Algemeen Overleg WWZ over de Vrouwelijke Wetenschapper, impact overig WP onbekend

In het algemeen overleg Wet Werk en Zekerheid (WWZ) van 9 maart bespraken kamerlid Voortman en minister Asscher van Sociale Zaken en Werkgelegenheid de gevolgen voor de jonge vrouwelijke wetenschapper.

 

Onduidelijk is wat de impact van de WWZ is voor het overige wetenschappelijke personeel (WP), zoals postdocs, die tijdelijk ergens anders gaan werken of een part-time dienstverband aan willen gaan: kunnen zij ook langer dan 4 jaar op een tijdelijk dienstverband aangenomen worden?

 

Compilatie van het overleg op 9 maart 2016:

 

 

Update 7 April 2016: de schriftelijke reactie van minister Asscher van Sociale Zaken en Werkgelegenheid op de vragen van kamerlid Voortman: Vraag over zwangere wetenschappers en verlenging contract.

 

POSTDOCNL signaleerde eerder de volgende problemen:

  1. Een onderzoeker met een persoonlijke beurs moet voor het einde van het project de kennisinstelling verlaten, omdat het niet mogelijk is het tijdelijke contract te verlengen.

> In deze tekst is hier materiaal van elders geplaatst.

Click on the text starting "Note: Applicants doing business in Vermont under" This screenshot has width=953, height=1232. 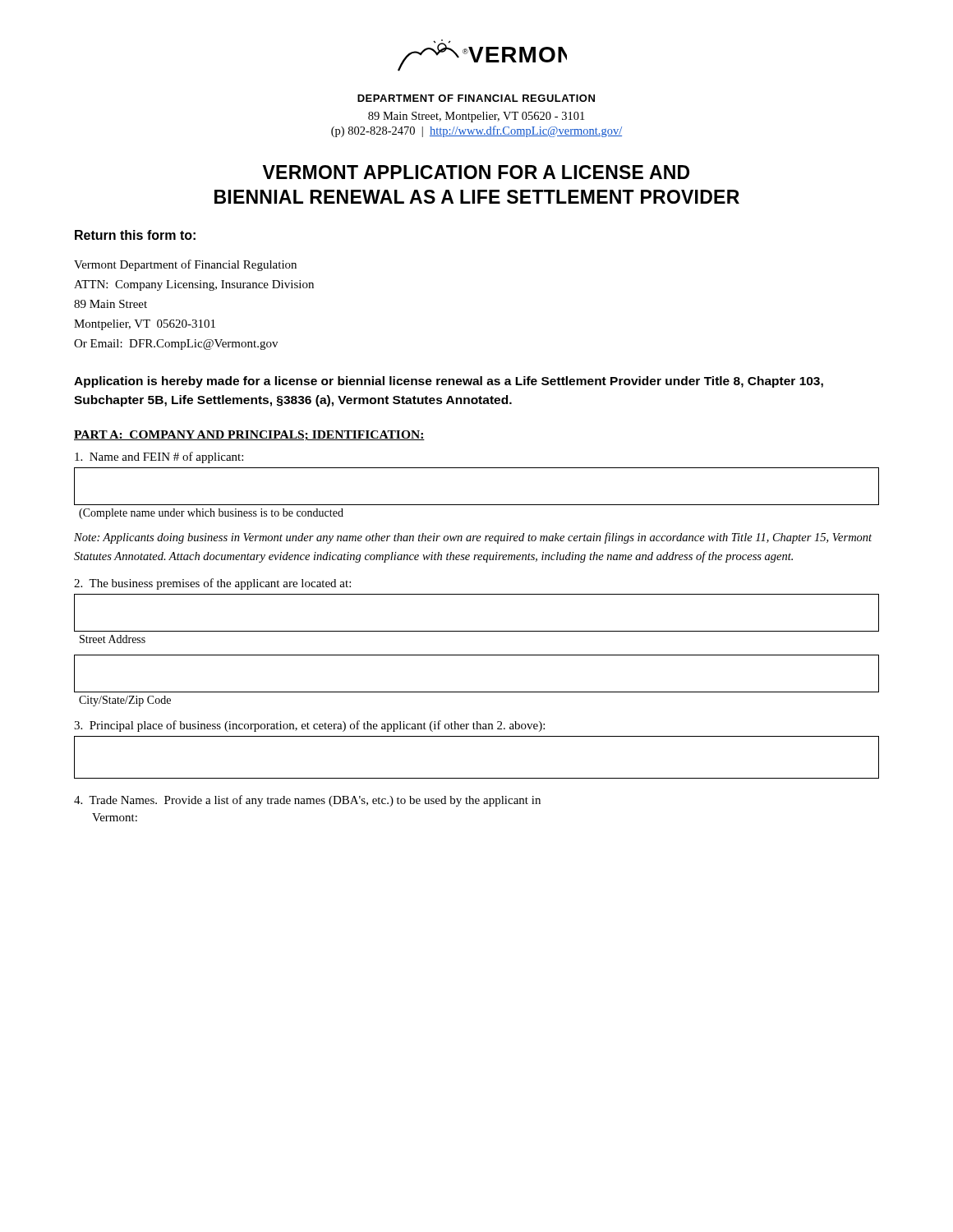[473, 547]

Dit is niet alleen een persoonlijk drama, ook de promovendi die door de betreffende laureaat worden begeleid ondervinden hiervan grote problemen.
  2. Een vrouwelijke onderzoeker met een persoonlijke beurs kan na een zwangerschapsverlof van 16 weken niet de volledige 16 weken verlenging van de eenmalige tijdelijke aanstelling krijgen, omdat de maximale verlenging slechts 3 maanden bedraagt. Eenzelfde obstakel doet zich voor als een onderzoeker om een andere reden het contract wil verlengen, als bijvoorbeeld subsidie is verworven om een aantal maanden kennis op doen aan een ander instituut, of als er (om familieomstandigheden) een wijziging naar deeltijd werken wordt doorgevoerd.
  3. Capabele wetenschappers maar ook ondersteunend personeel zoals research analisten, worden na twee jaar ‘vervangen’, omdat een langer tijdelijk contract niet mogelijk is. Dit heeft nadelige gevolgen voor de efficiëntie en kwaliteit van de wetenschap.
  4. Wanneer een onderzoeker reeds werkzaam aan de kennisinstelling op een tijdelijke aanstelling een persoonlijke beurs ontvangt, moet deze eerder ingaan dan ideaal, om overschrijding van de vier jaar te voorkomen.
  5. Onderzoekers kunnen enerzijds geen vast contract krijgen en worden ‘gedwongen’ voor een periode van 6 maanden geen contract te hebben bij hun kennisinstelling. Anderzijds kan het publiceren van belangrijke wetenschappelijke bevindingen in de competitieve wetenschappelijke wereld niet 6 maanden wachten. Het gevolg is dat onderzoekers ‘illegaal’ voor een periode van 6 maanden onbetaald doorwerken.
  6. Onderzoekers krijgen het aanbod tot een iets langer contract, wanneer zij een extra contract ondertekenen waarin zij afzien van de transitievergoeding.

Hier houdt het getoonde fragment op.